L.S.  No. Puede potenciarlo, pero cero multiplicado por lo que sea siempre da cero.

¿Cuál sería la labor idónea de estas escuelas en el proceso de creación artística?
J.A.B.
La que tienen. Lugares donde se aprende técnicas de escritura, donde se lee y se discute y charla sobre literatura y en los que los alumnos encuentran una motivación, tan necesaria siempre, para escribir más y mejor.

E. N. Conectar a los asistentes con su capacidad para crear con el lenguaje escrito, y aquí es importante el “su”, es decir, con aquellas cualidades o necesidades del alumno que le permiten escribir. El profesor debe de ser un canal para desarrollar cualidades propias, y no un vendedor de su propia doctrina literaria.

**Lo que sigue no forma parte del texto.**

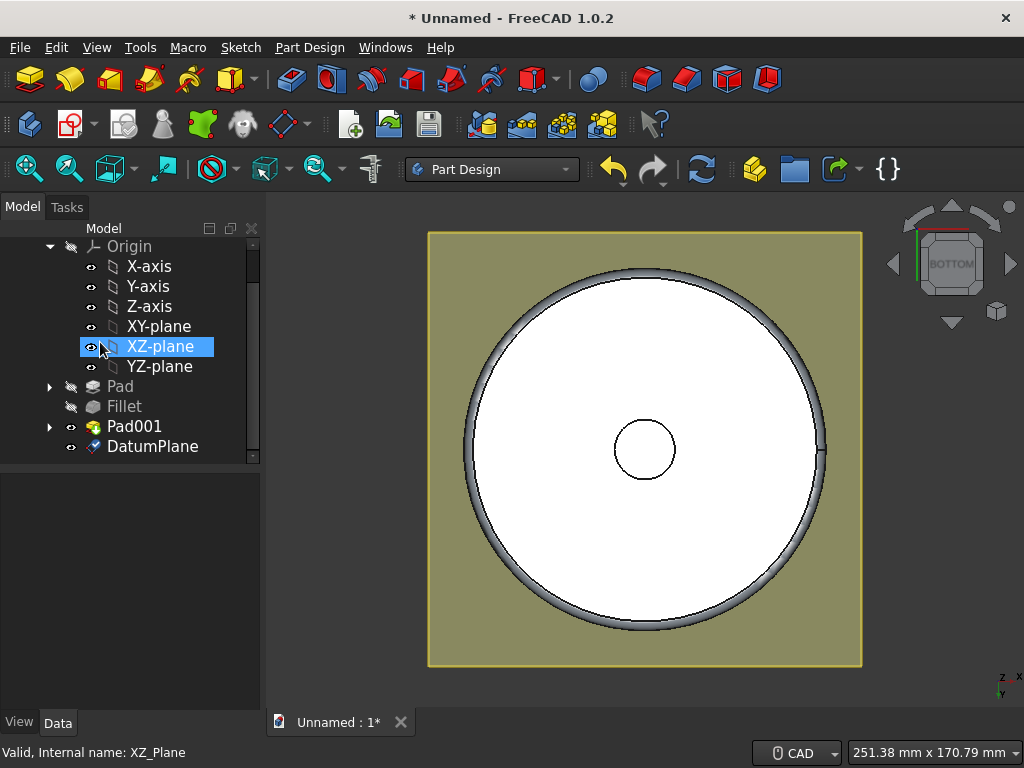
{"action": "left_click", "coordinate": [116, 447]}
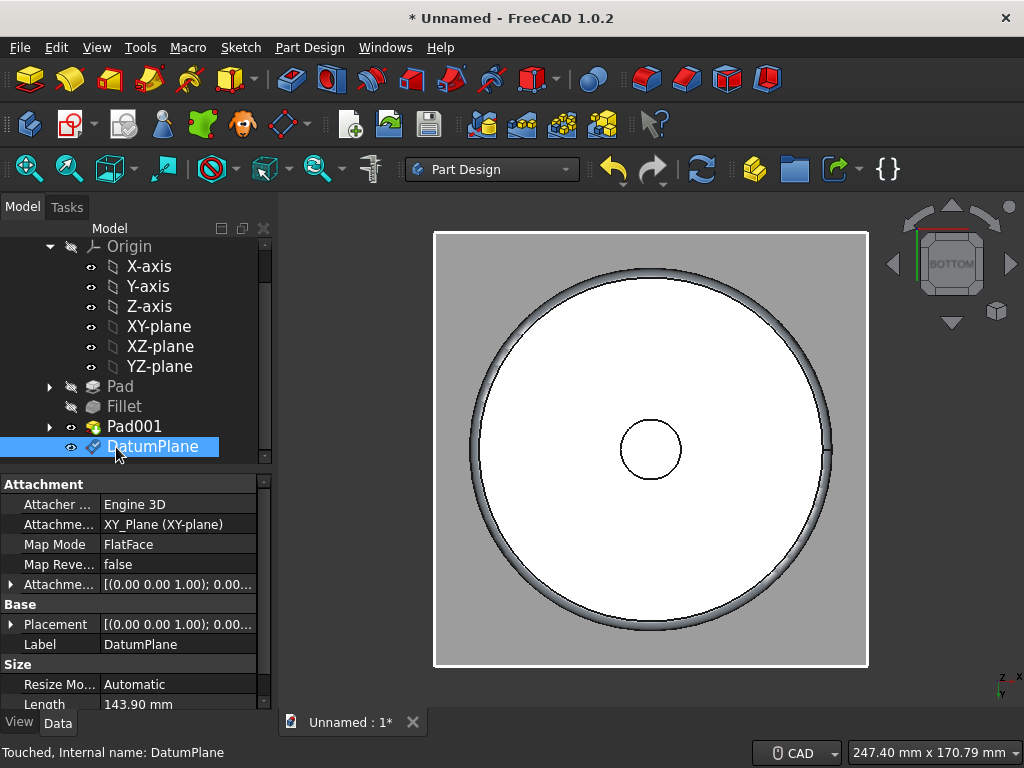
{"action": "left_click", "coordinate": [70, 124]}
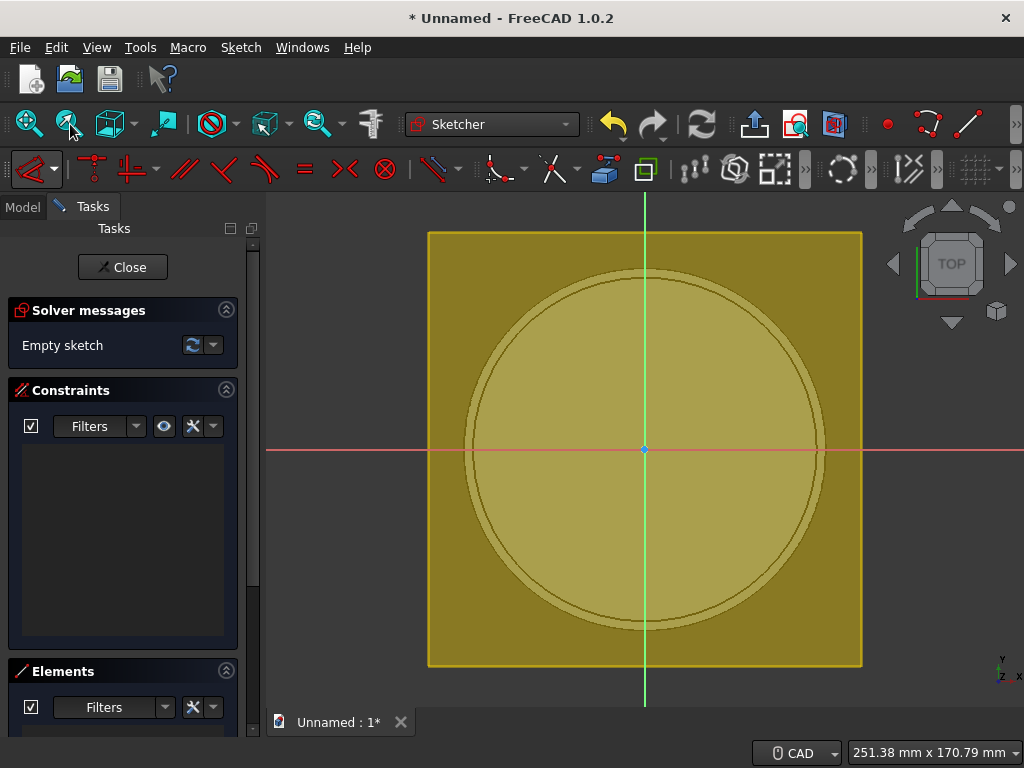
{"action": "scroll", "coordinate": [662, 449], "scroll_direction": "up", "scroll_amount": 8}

N.L. La respuesta se responde más fácilmente si piensas en cualquier otra disciplina: danza, por ejemplo. Como la palabra está muy pegada a los individuos nos cuesta entender que no la dominemos y que aún podamos aprender sobre una capacidad que nos parece “innata”. Pero son muchas las técnicas que se deben conocer para afrontar la escritura (o la lectura o la edición o la retórica) desde un punto de vista profesional o avanzado. La bibliografía es tan amplia como lo es la materia. ¿Por qué no se hace este pregunta sobre qué se enseña en una Escuela de Bellas Artes o si tiene sentido ir a un conservatorio de música cuando Leonard Cohen es autodidacta? En fin, me niego a responder. Creo que la labor de una Escuela de creación no se tiene que justificar aunque en este país se siga pidiendo explicaciones hacia aquellos decididos a dedicarse a la creación en cualquiera de sus manifestaciones. De hecho, una de las razones por las que este tipo de escuelas son imprescindibles es que la creación está desterrada por completo de los programas convencionales de formación.

L.S. Estimular, incitar a la curiosidad, a la autoexigencia, a la permeabilidad.